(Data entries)
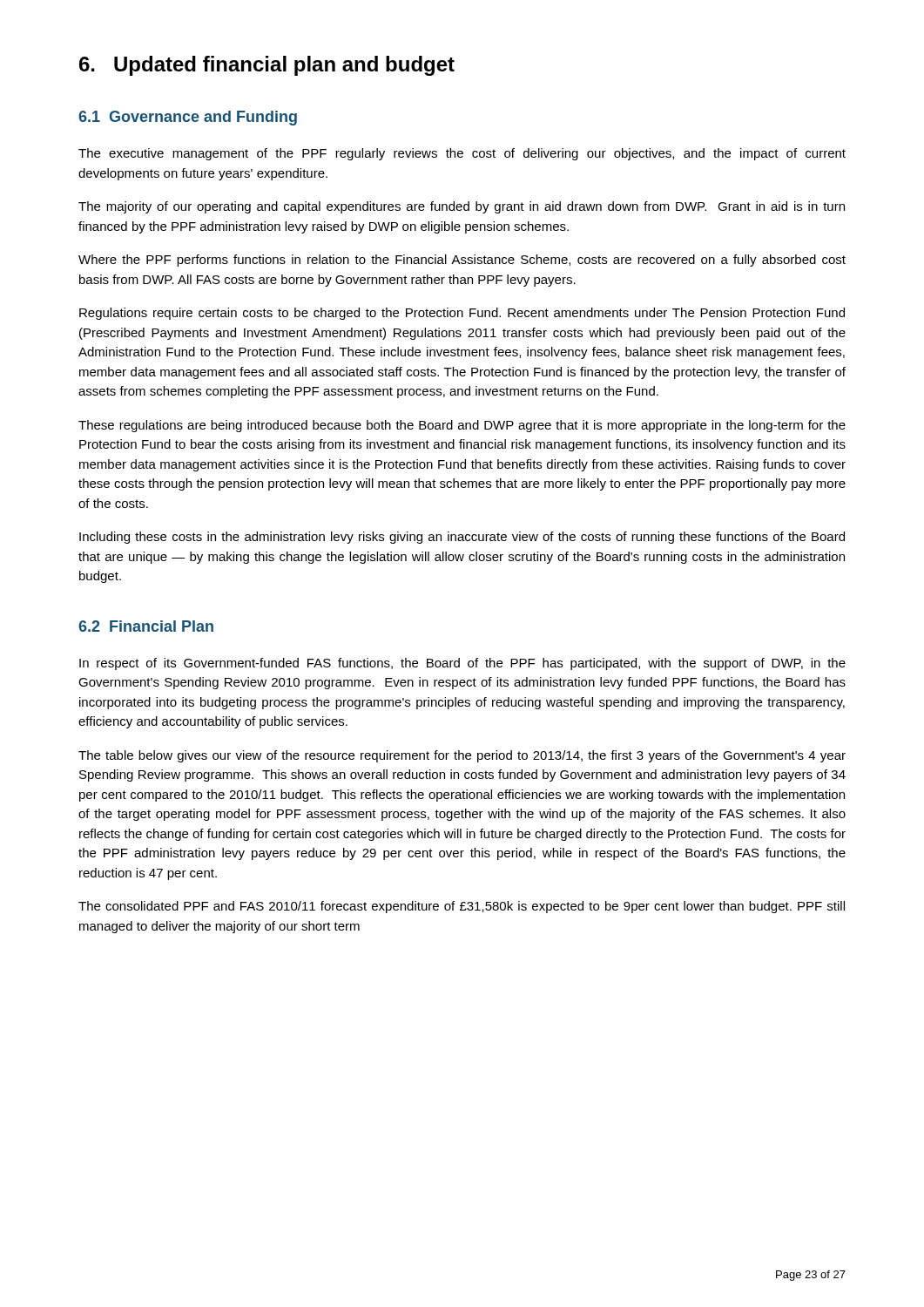
Task: Where is the passage that starts "Where the PPF performs functions in relation to"?
Action: tap(462, 269)
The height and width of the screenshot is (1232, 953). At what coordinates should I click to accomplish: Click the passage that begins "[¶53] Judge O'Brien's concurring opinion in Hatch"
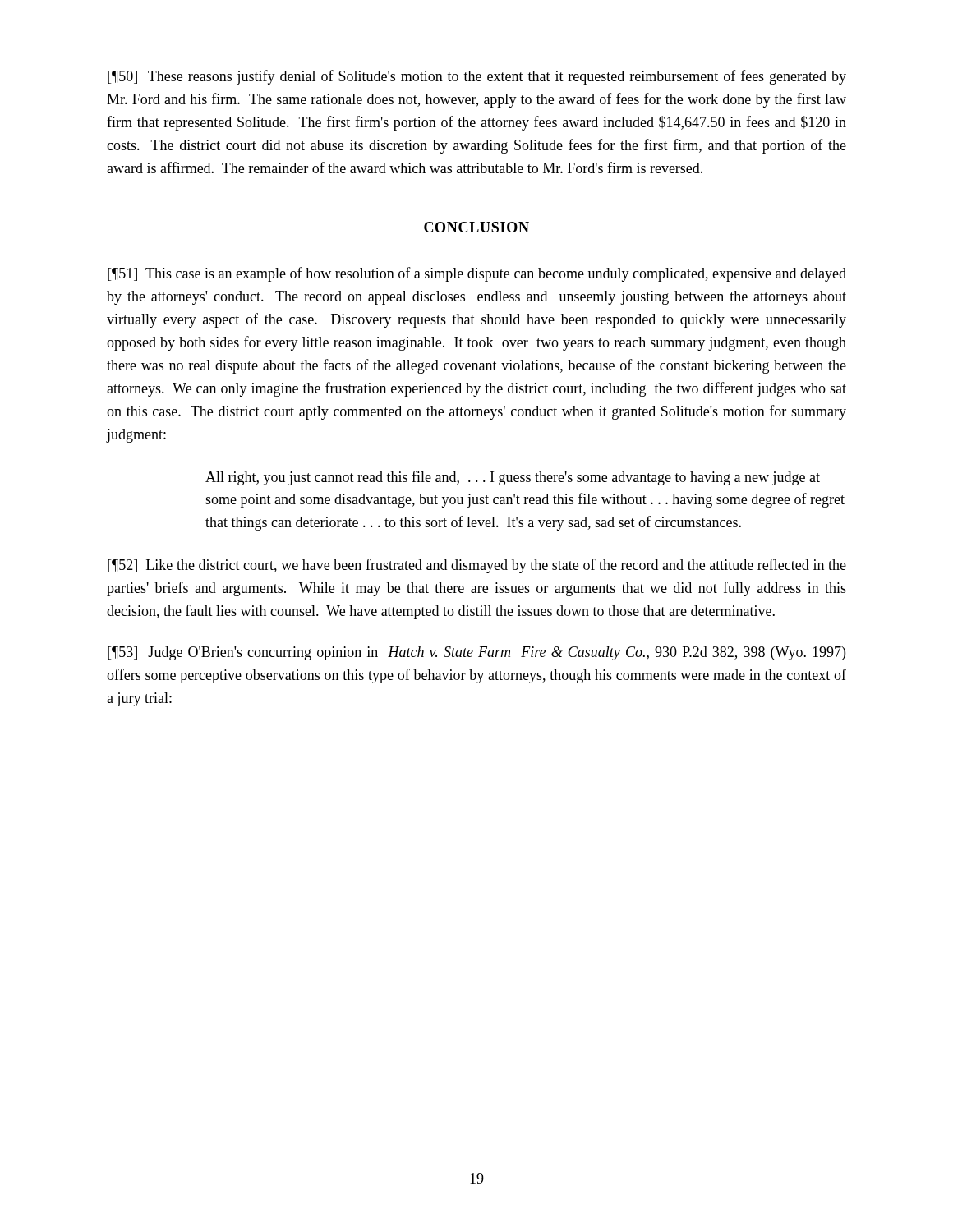click(476, 675)

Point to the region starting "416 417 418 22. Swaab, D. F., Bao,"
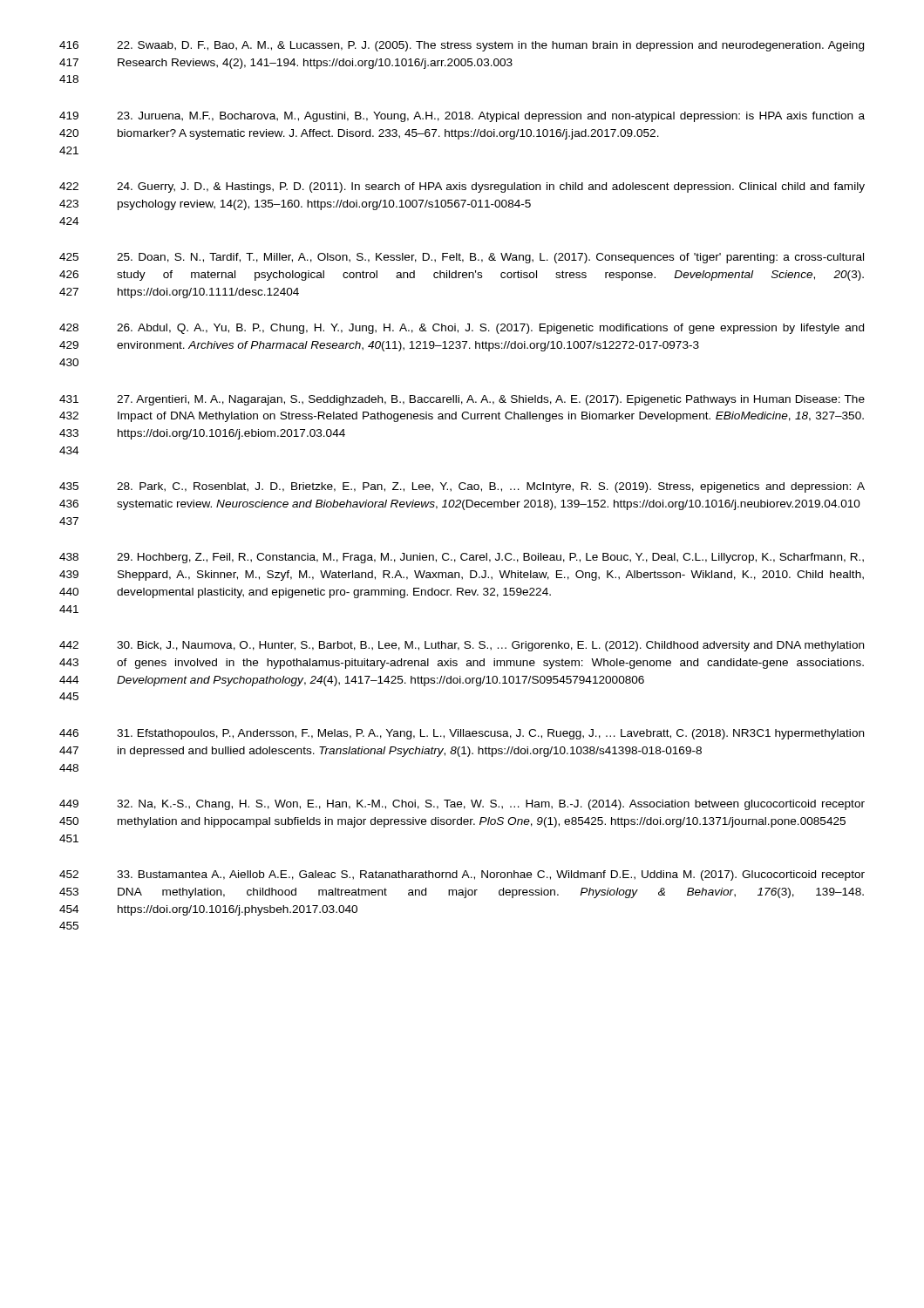pos(462,62)
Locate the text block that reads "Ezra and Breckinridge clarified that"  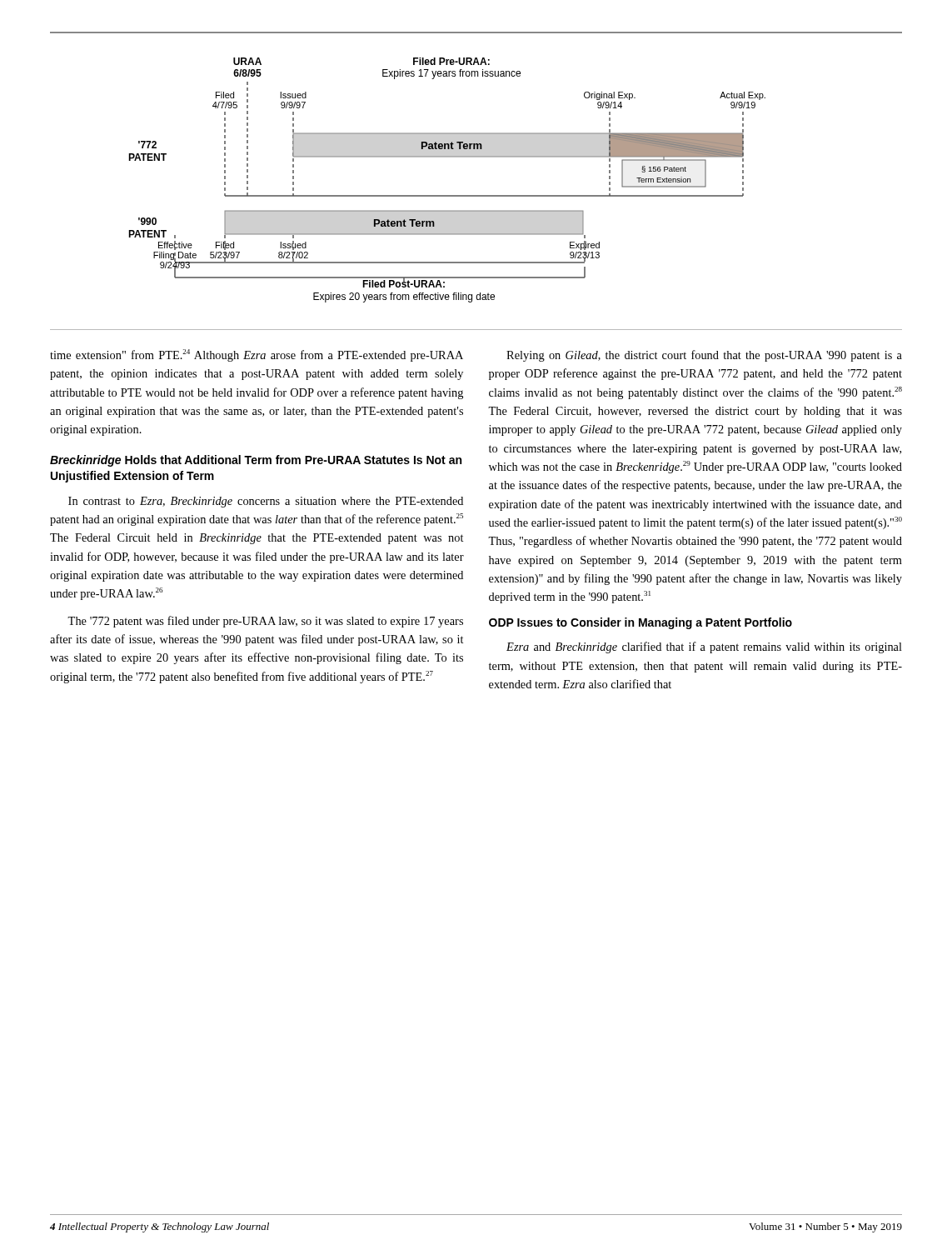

**Requirement**
If the records contain pictures, skip them, and transcribe exactly every line from the one with "The height and" through the last line.

**Written response**
The height and width of the screenshot is (1232, 953). At what coordinates should I click to accomplish: Click the passage that begins "[¶53] Judge O'Brien's concurring opinion in Hatch"
click(476, 675)

Point to the region starting "416 417 418 22. Swaab, D. F., Bao,"
pos(462,62)
Locate the text block that reads "Ezra and Breckinridge clarified that"  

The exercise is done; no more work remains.